Once the surface and chemical characteristics of the chitosan obtained by the mild condition treatment of 2% NaOH were determined, thermal analyses with DTG and DSC were carried out, and the results are shown in Figure 5a,b. The results showed that the sample of chitosan extracted from P. magdalenae scales was very similar to commercial low-molecular-weight chitosan.

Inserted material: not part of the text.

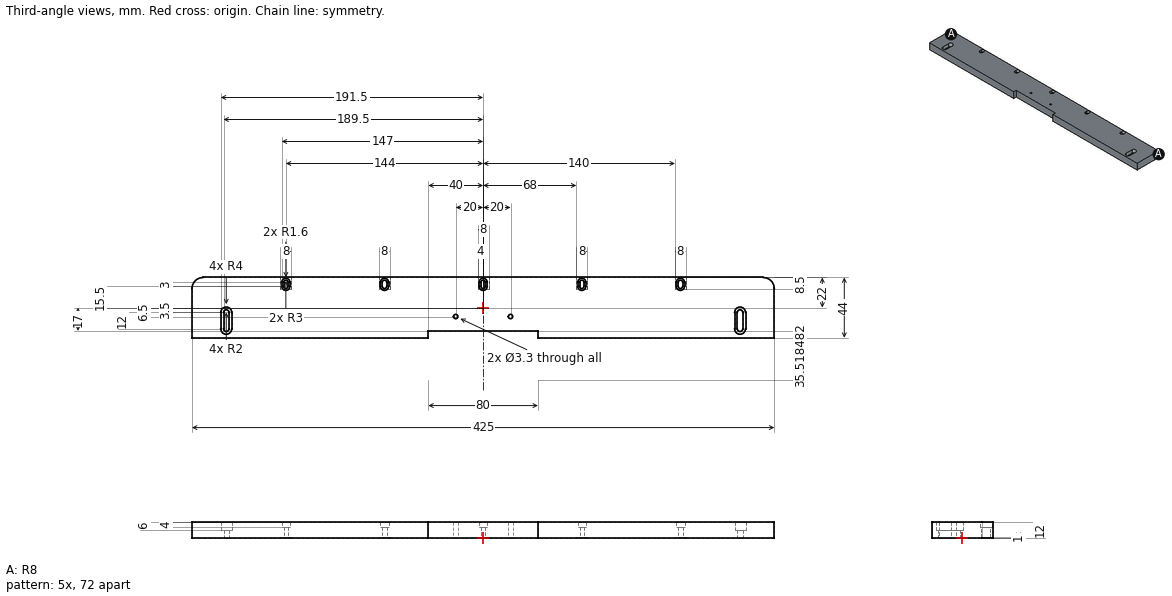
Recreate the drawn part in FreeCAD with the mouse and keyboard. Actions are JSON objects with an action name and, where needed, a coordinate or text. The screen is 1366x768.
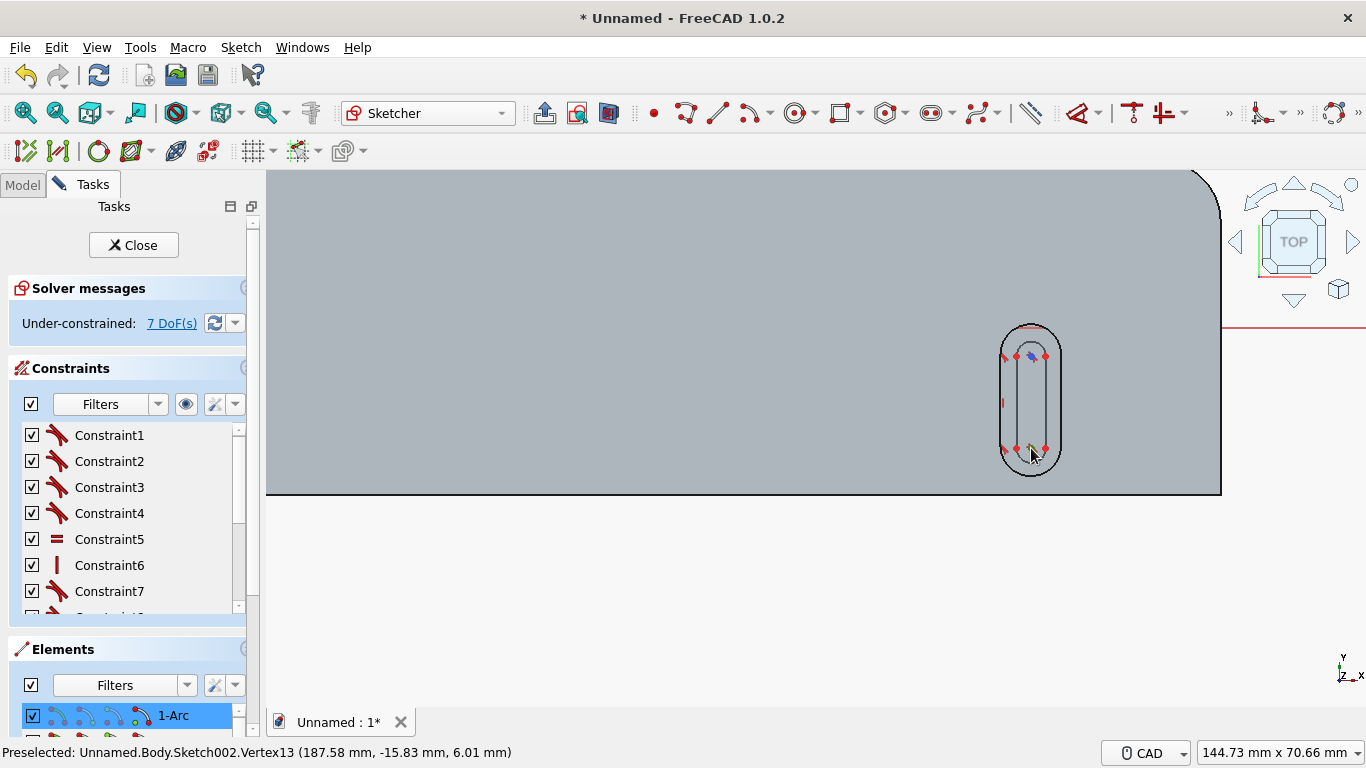
{"action": "scroll", "coordinate": [1036, 450], "scroll_direction": "down", "scroll_amount": 8}

Thermal analysis showed a sharp peak for Chi-commercial in Figure 5, which indicates that this sample is purer than Chi-2%. In addition, DTG of Chi-commercial presents major degradation at approximately 295 °C, unlike Chi-2%, which shows a broad peak of maximum degradation at approximately 330 °C, reported to be from the thermal rupture of glycosidic linkages in pyranose rings [35]. This result suggests a variable molecular weight in Chi-2%, which is correlated to the three different endothermic events presented in the DSC thermogram.

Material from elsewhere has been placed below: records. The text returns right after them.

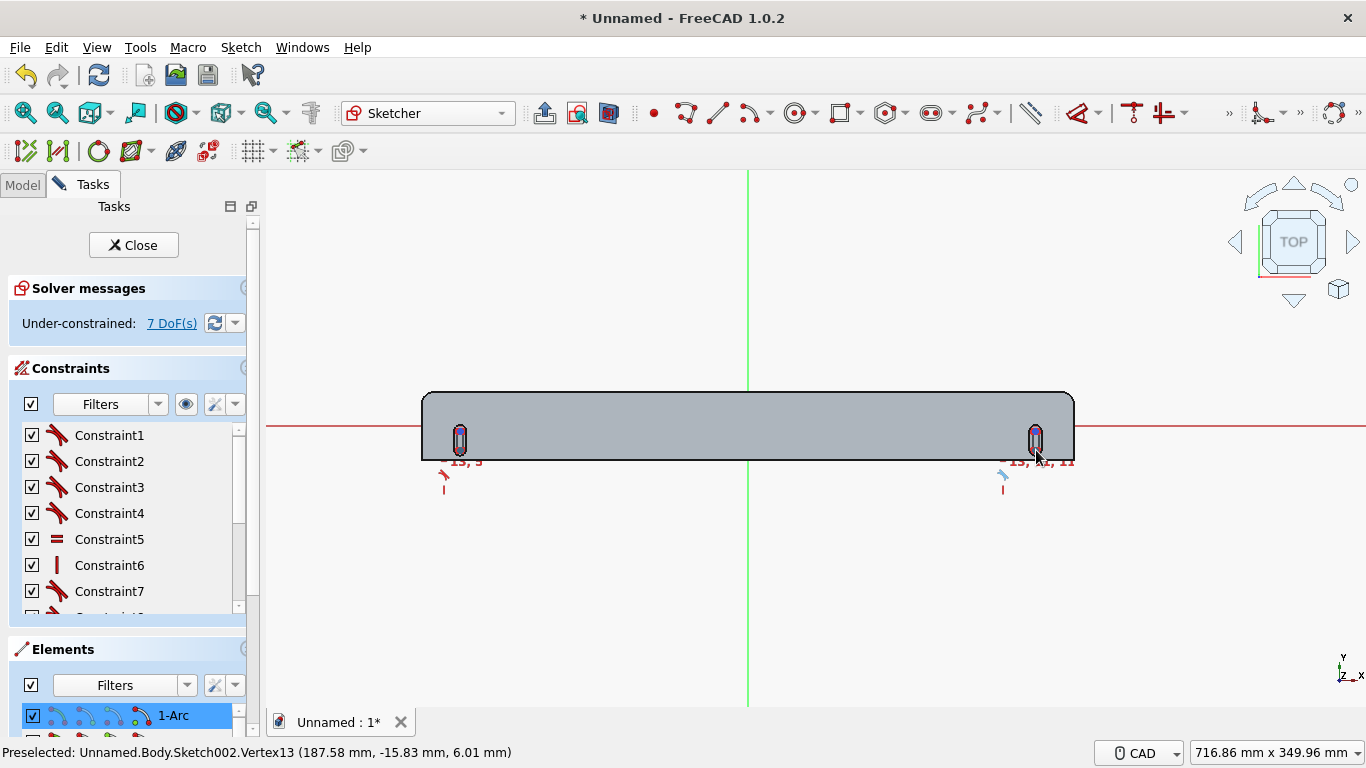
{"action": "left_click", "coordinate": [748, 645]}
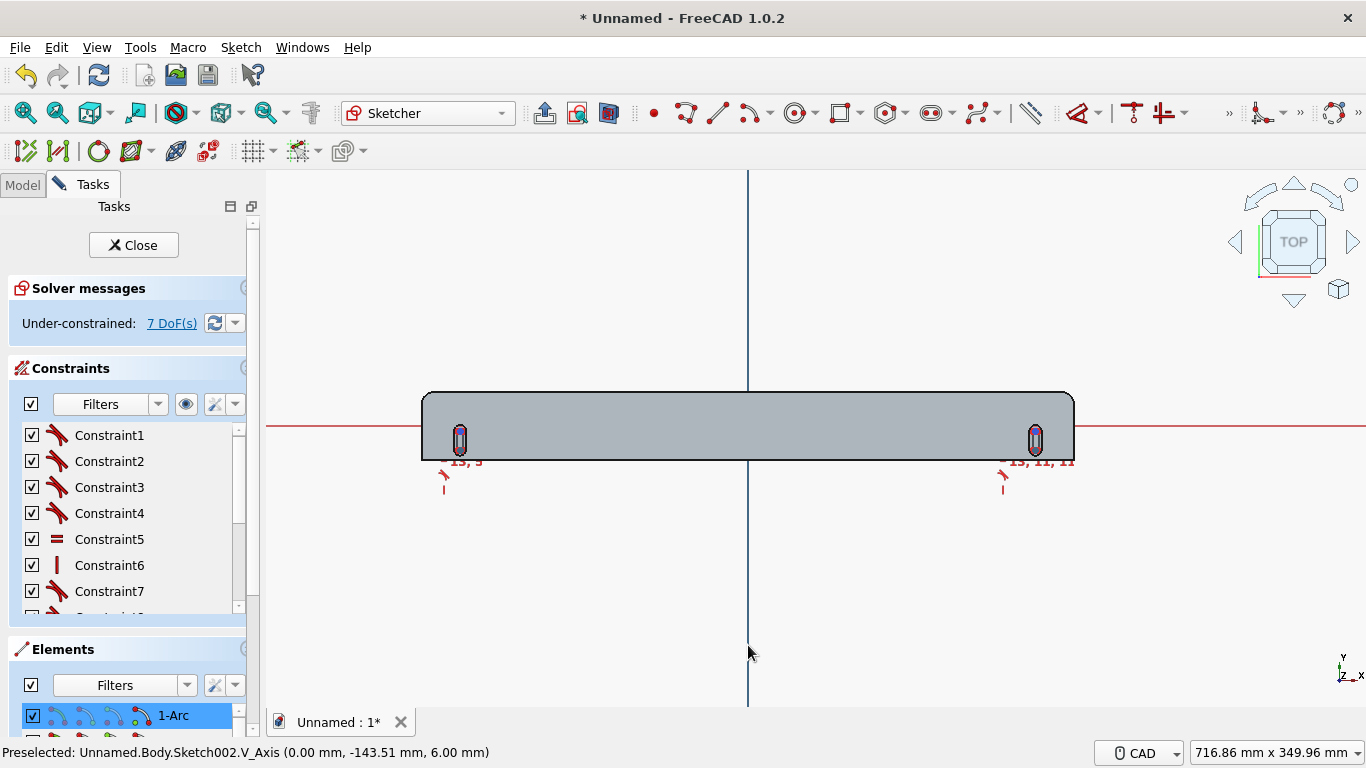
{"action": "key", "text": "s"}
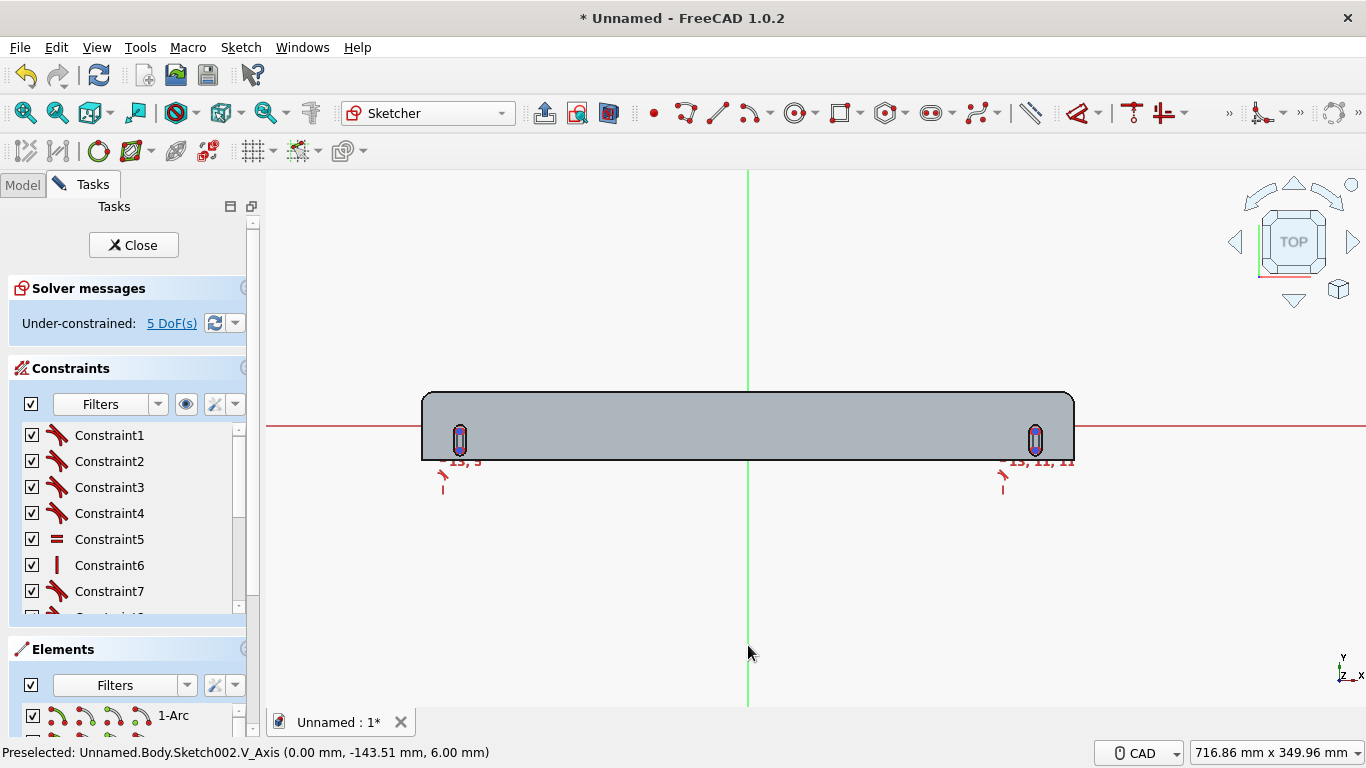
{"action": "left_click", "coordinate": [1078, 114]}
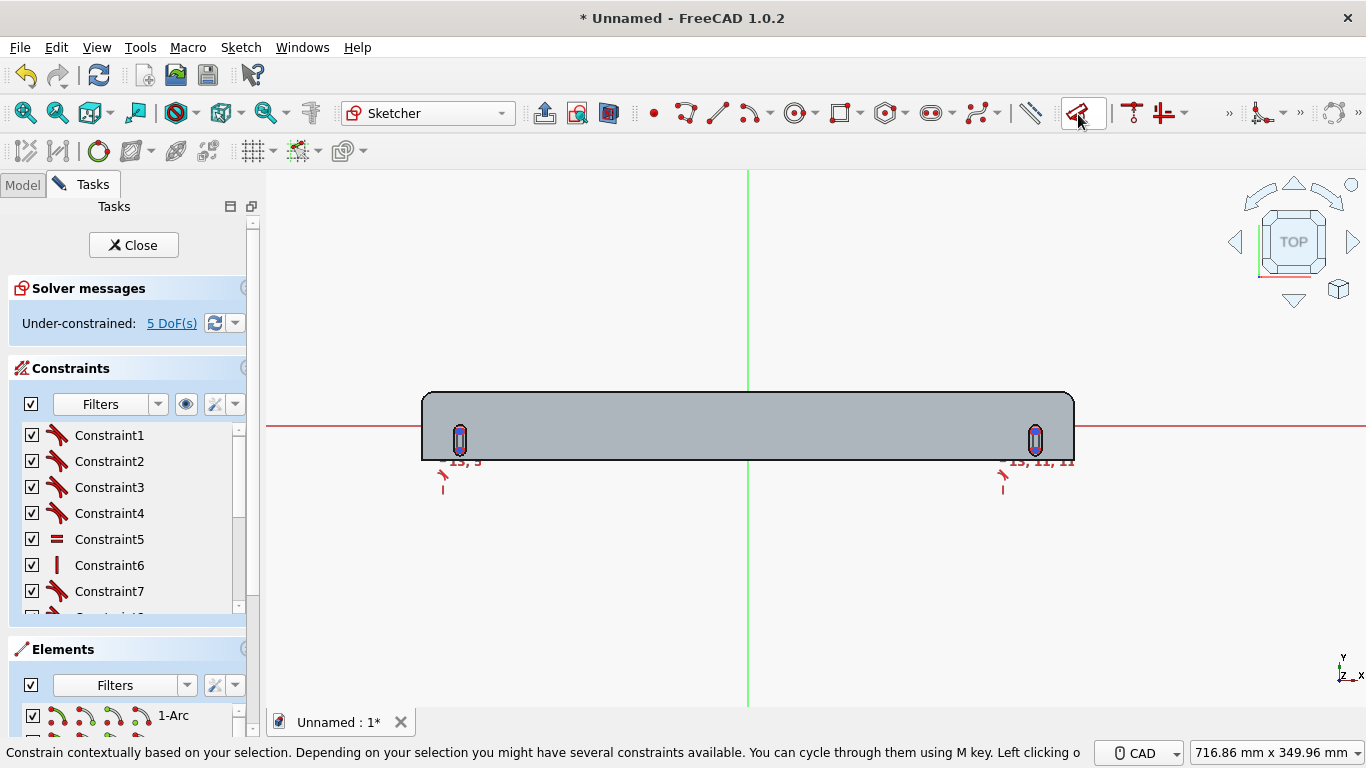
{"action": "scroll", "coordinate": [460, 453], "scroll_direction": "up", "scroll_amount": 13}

Table 3. Parameters extracted from DSC analysis of commercial chitosan and chitosan obtained from P. magdalenae scales.

Sample	TO (°C, Onset)	TP (°C, Peak)	TC (°C, Completion)	∆H (J/g Dry Weight, Enthalpy)
Chi-commercial	182.85	186.25	199.00	195.66
Chi-2%	144.82	148.42	170.51	143.23

shows the value of the main thermal transformation extracted from the DSC thermogram. It is important to highlight that for polymers, the melting phenomenon (peak temperature) is an average of the melting temperature of crystallites, which is not a characteristic value for the sample but rather, depends on the MW [36,37]. Therefore, in Table 3, it can be appreciated that both samples evaluated present different values for onset temperature. Likewise, chitosan needs high thermal energy to initiate its thermal decomposition [38], and for the samples evaluated, a value of 195.66 J/g dry weight and 143.23 J/g dry weight was determined for Chi-commercial and Chi-2%, respectively, which is related to the MW previously calculated for each sample.

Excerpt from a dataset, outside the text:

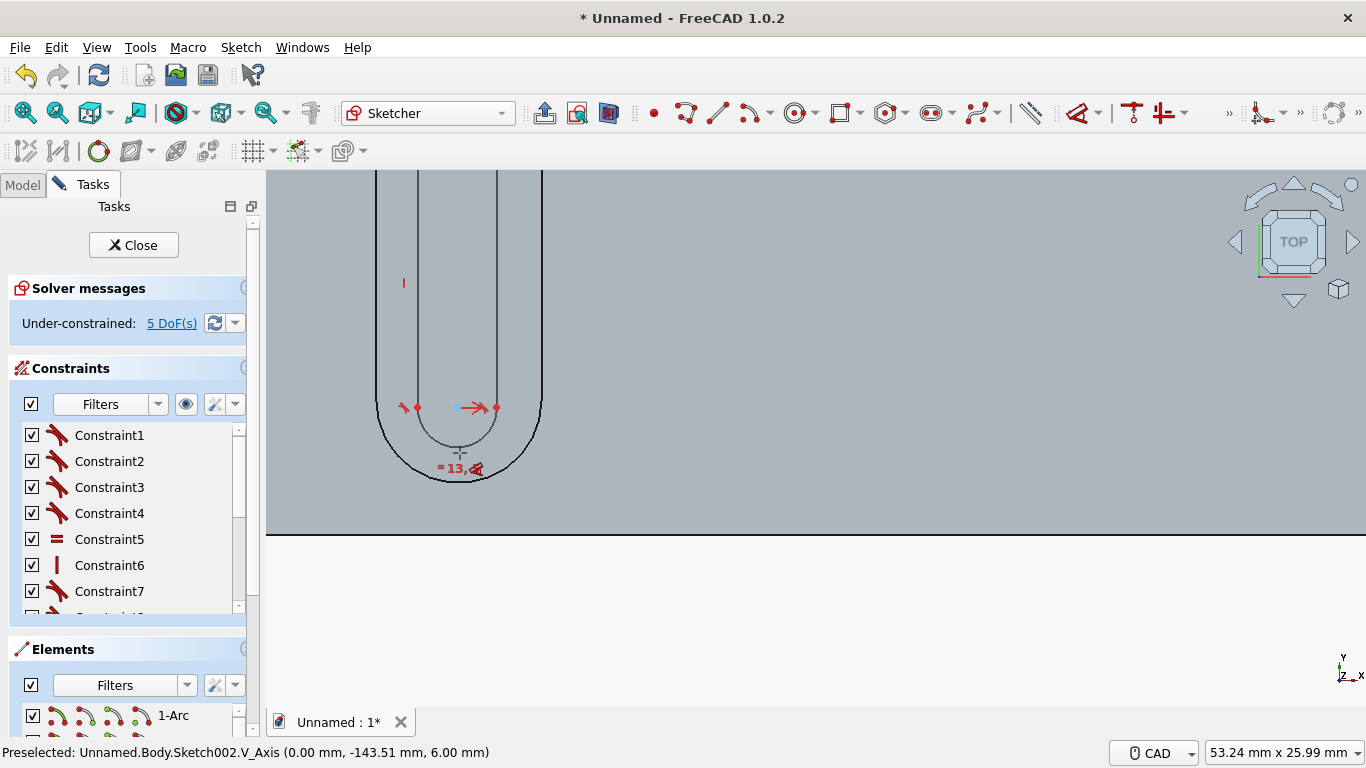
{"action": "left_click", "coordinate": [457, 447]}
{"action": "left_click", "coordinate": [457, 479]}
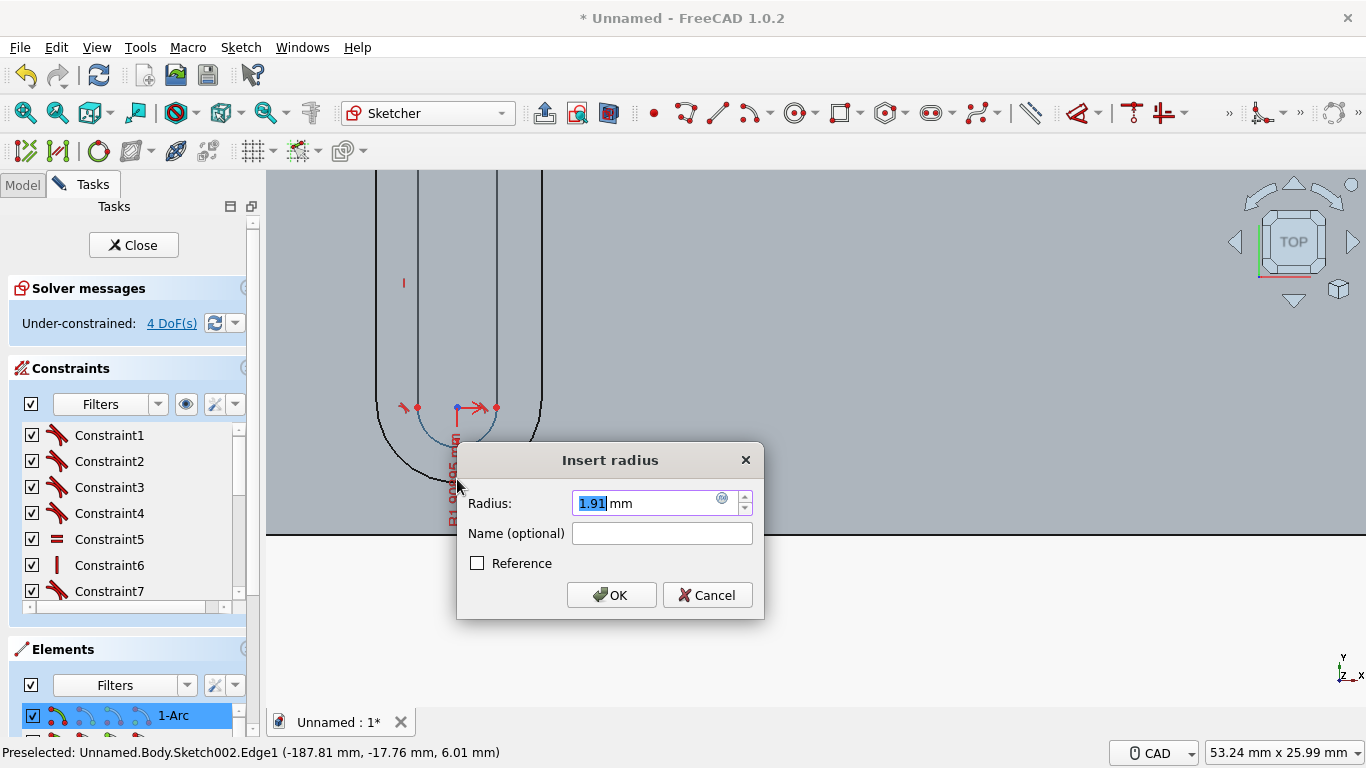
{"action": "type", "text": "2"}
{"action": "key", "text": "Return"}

Finally, the Chi-2% sample was assayed in vitro to determine its antimicrobial effect against Escherichia coli (Gram-negative) and Staphylococcus aureus (Gram-positive), and the results are shown in Figure 6. Figure 6a,d shows the response of bacteria to the control film (without chitosan), which had no effect on the cultures. Figure 6b shows an inhibition halo of approximately 1 mm around the starch-based film with Chi-commercial added; however, this did not happen with S. aureus (Figure 6e). Finally, Figure 6c,f shows the effect of the starch-based film containing chitosan obtained in this research (Chi-2%), with an inhibition halo around the film in E. coli culture similar to that with Chi-commercial. As discussed above, low-molecular-weight (low MW) chitosan can enhance the antimicrobial effect; however, according to Zheng and Zhu (2003), this does not apply to all microorganisms; i.e., in their research, they found that high MW improved the inhibitory effect on S. aureus because, in this way, it inhibited nutrient absorption, but for E. coli, low MW chitosan was more efficient than high MW chitosan in this application because lower MW chitosan can penetrate microbial cells more easily and disrupt cell metabolism [39].

4. Conclusions

Prochilodus magdalenae scales, a contaminant of riparian zones of rivers in Colombia, were proven to be a novel feedstock to obtain chitosan such as commercial chitosan of low molecular weight, which reduced Gram-negative microorganism growth. However, the extreme conditions of temperature (>80 °C) and NaOH concentration (50%) reported in the literature were not suitable for extraction of chitosan from P. magdalenae scales; therefore, it was necessary to develop a new method to obtain it because chitin extracted from these scales was β-type at room temperature and 2 wt.% NaOH conditions, as shown in this work. These mild conditions allowed chitosan to be obtained with desirable physical and chemical characteristics, such as lower molecular weight at 107.18 kDa than that of commercial chitosan at 151.11 kDa, which had effects on the thermal properties (lower T_P, 148.82 °C) but allowed its expected effect as an antibacterial agent to be achieved, owing to its low molecular weight.